Actually, bouv’s statement is factually correct, in that, if you don’t want to appear rude or insensitive, then you should avoid language like that when talking to or about transpeople.

If you don’t care about being rude or insensitive to transpeople, knock yourself out.

Literally?

What’s wrong with “transgendered”?

LOVE your ID!

That’s all I can say…

Click on the speaker thing.

http://www.npr.org/player/v2/mediaPlayer.html?action=1&t=1&islist=false&id=90247842&m=90259905

Sounds to me like it indicates something that has been done, rather than a condition that has existed since birth.

By opposite you mean… hasn’t had surgery? Straight?

If you were the only person in the world, that would matter. But you aren’t and so it doesn’t.

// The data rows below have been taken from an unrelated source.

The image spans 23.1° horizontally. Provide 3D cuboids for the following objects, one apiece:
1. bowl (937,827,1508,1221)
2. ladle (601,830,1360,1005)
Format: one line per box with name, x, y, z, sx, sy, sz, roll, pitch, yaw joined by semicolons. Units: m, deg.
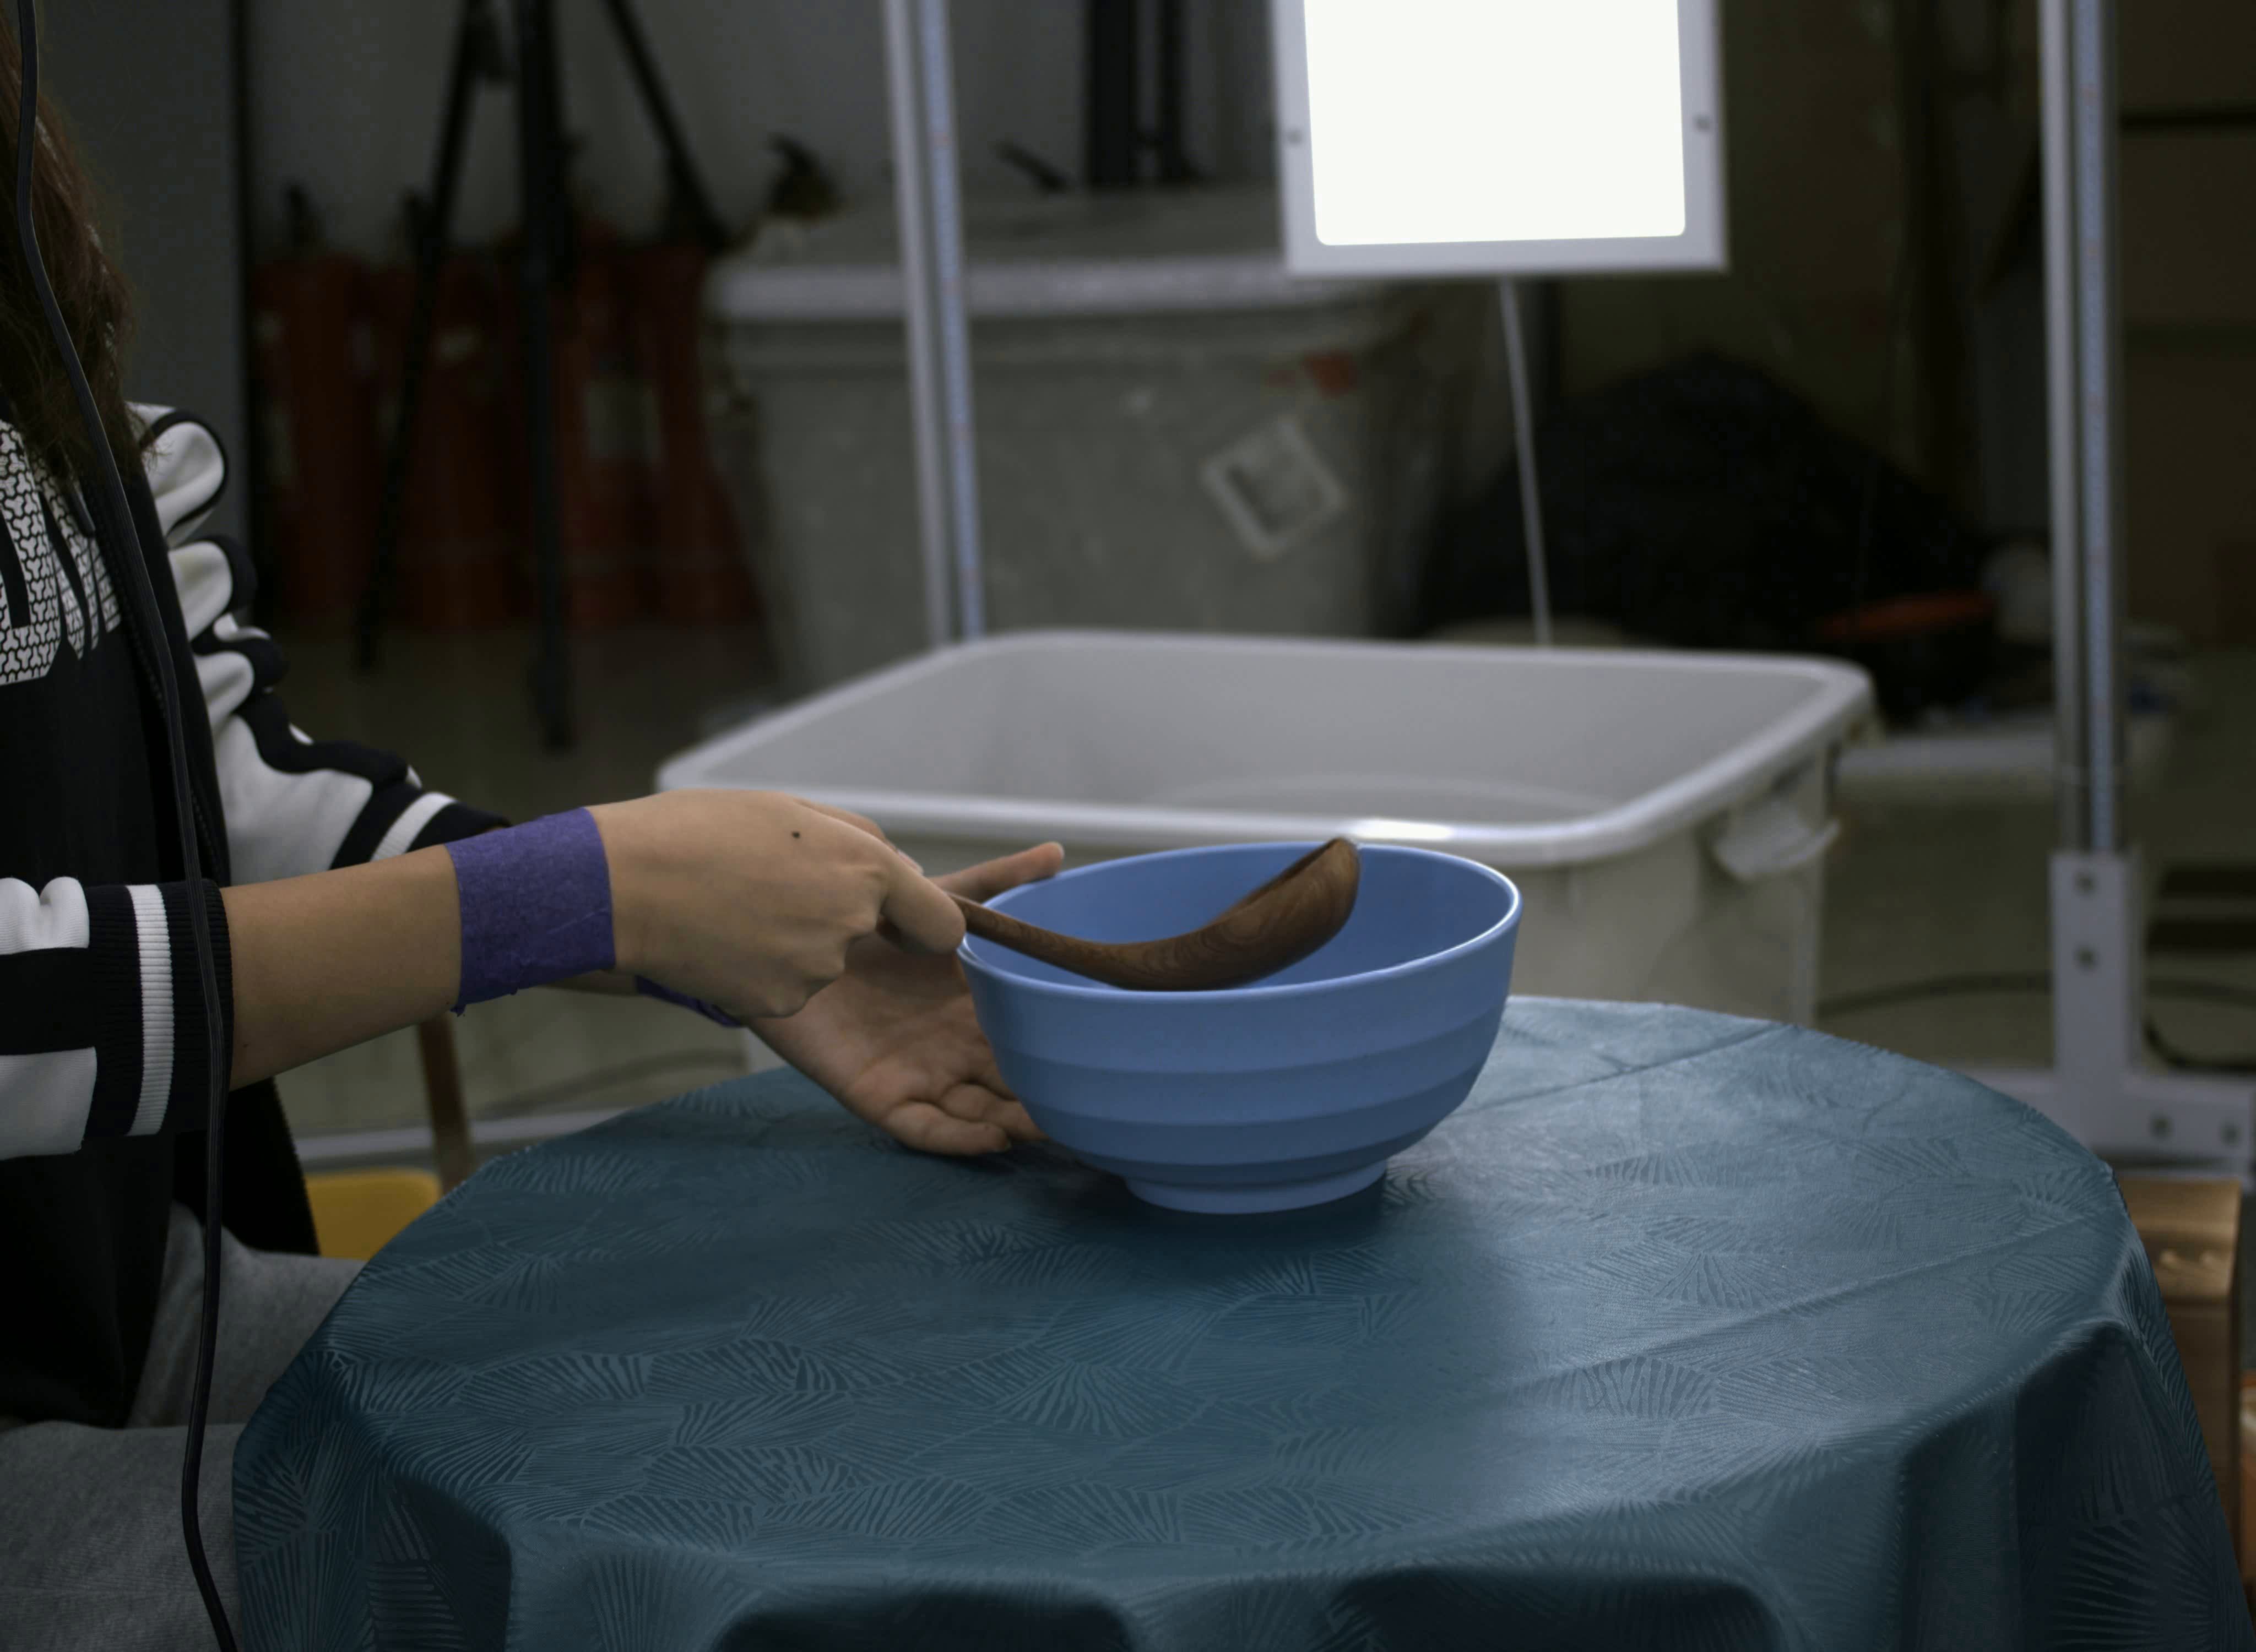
bowl;0.034;0.075;1.899;0.196;0.096;0.196;-3;19;0
ladle;-0.048;0.019;1.861;0.257;0.065;0.077;8;-19;-11

There are dozens of situations where the legal definition of one’s gender is all that is going to matter-- insisting that Bob is a girl might be politically correct, but not always operationally useful.

So, while I can appreciate your informing us of the etiquette involved, let’s not transform etiquette rules into unassailable facts.

Opposite as in, gender matches biology. In other words (and I apologize in advance for not being completely open in my language; it’s hard for a person unpracticed to get the vocabulary right), people with girl bodies who are girls, and people with boy bodies who are boys. (ie, most people).

Are you sure about that? I did a quick Google and found countless LGTB sites that use ‘transgendered’.

(I’m too lazy to cite more than one, so here ya go)

LINK

I believe the most modern, up-to-date terminology is transman (for a man who was born with a vagina) and transwoman (for a woman who was born with a penis). Transfolk would not say “I am transgendered.” They would say, “I am trans/transgender” or “I am a transwoman/transman.” You can call transfolk “transgendered” if you want, but it’s not what they call themselves. I don’t know why, that’s just how it’s done. If you want to be sensitive to transfolk, then call them what they call themselves. If you don’t want to be sensitive to transfolk, then act like John Mace is acting in this thread.

“Cisgender” is a neologism, coined to mean the opposite of transgender. “Cis” is a Latin prefix meaning “on the same side as” (wiki definition). It just means your internalized gender concept has matched your physical genitalia for your entire life. And similar to the abbreviated form “trans,” people who aren’t trans but are active in the sexual identity community may call themselves “cis.” “I’m cis,” means I’m a woman who was born with a vagina, and I have always felt like a woman (or man, penis, etc).

There are also people who go back and forth, are undecided, don’t feel like EITHER gender, or feel like a third gender. They refer to themselves as “genderqueer.”